**YOUR GOAL**
Repeat the listing exactly as given, omitting every image.

**EXTRACTED MATERIAL**
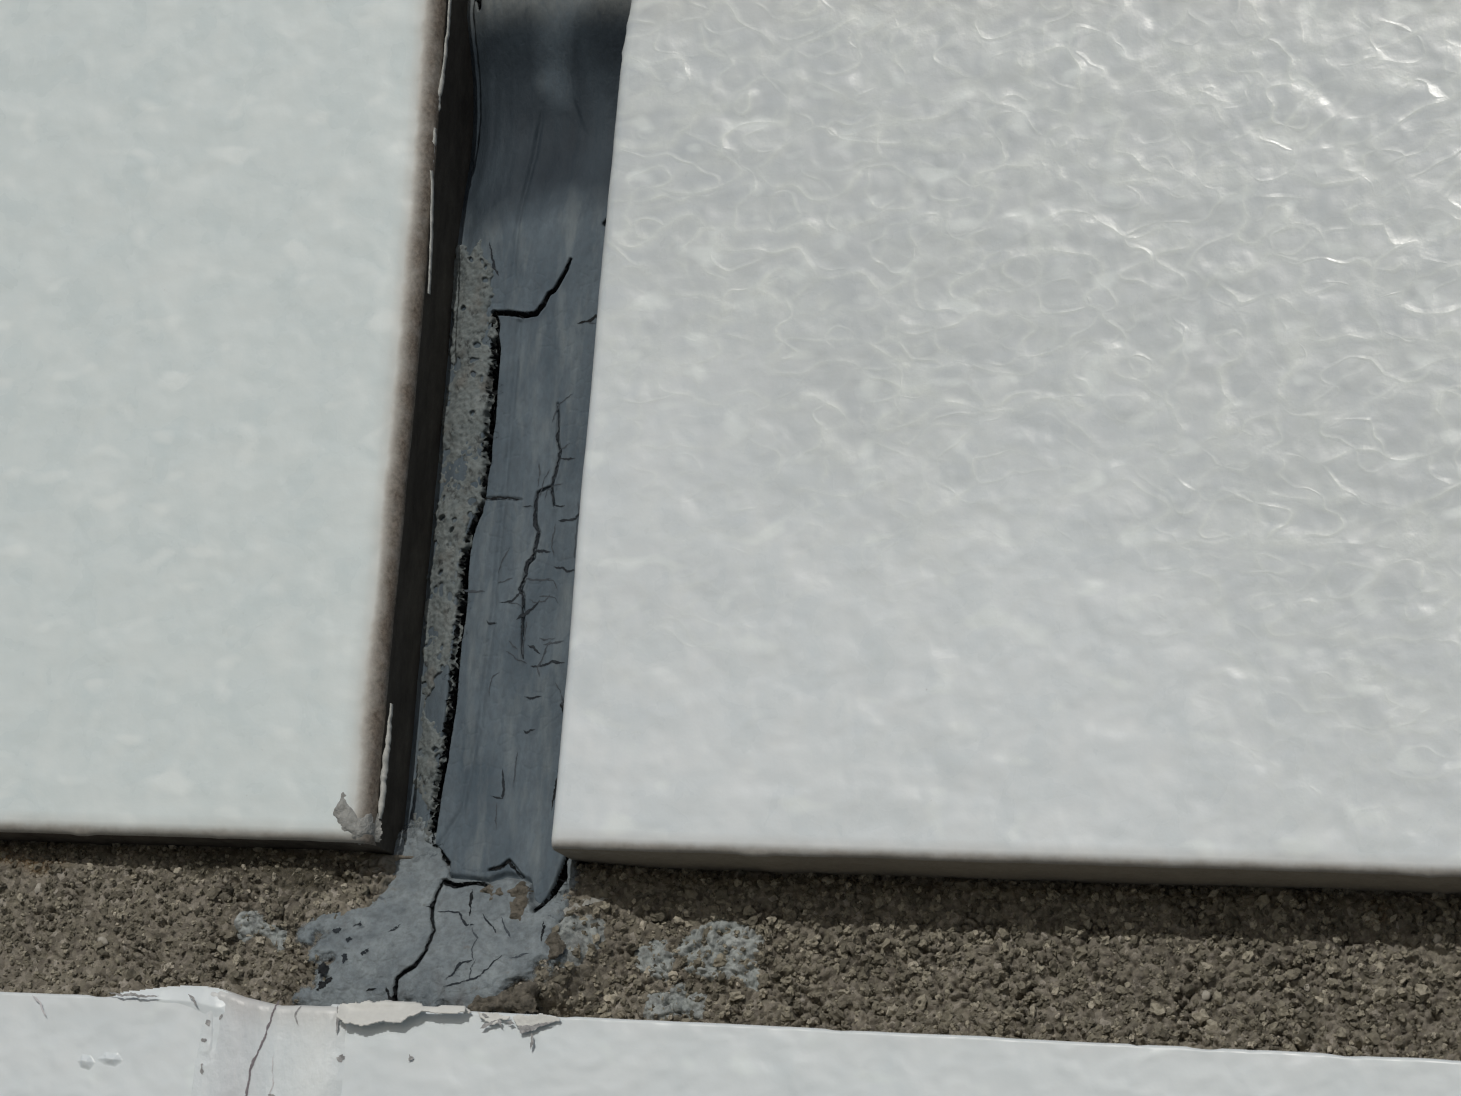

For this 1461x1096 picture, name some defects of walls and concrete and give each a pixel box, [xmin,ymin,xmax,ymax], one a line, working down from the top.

crack [489,242,499,276]
crack [578,314,597,324]
crack [366,259,579,1001]
peeling [108,985,232,1042]
crack [245,1001,279,1096]
peeling [336,1000,561,1049]

**SOLUTION**
For this 1461x1096 picture, name some defects of walls and concrete and give each a pixel box, [xmin,ymin,xmax,ymax], one a line, working down from the top.

crack [489,242,499,276]
crack [578,314,597,324]
crack [366,259,579,1001]
peeling [108,985,232,1042]
crack [245,1001,279,1096]
peeling [336,1000,561,1049]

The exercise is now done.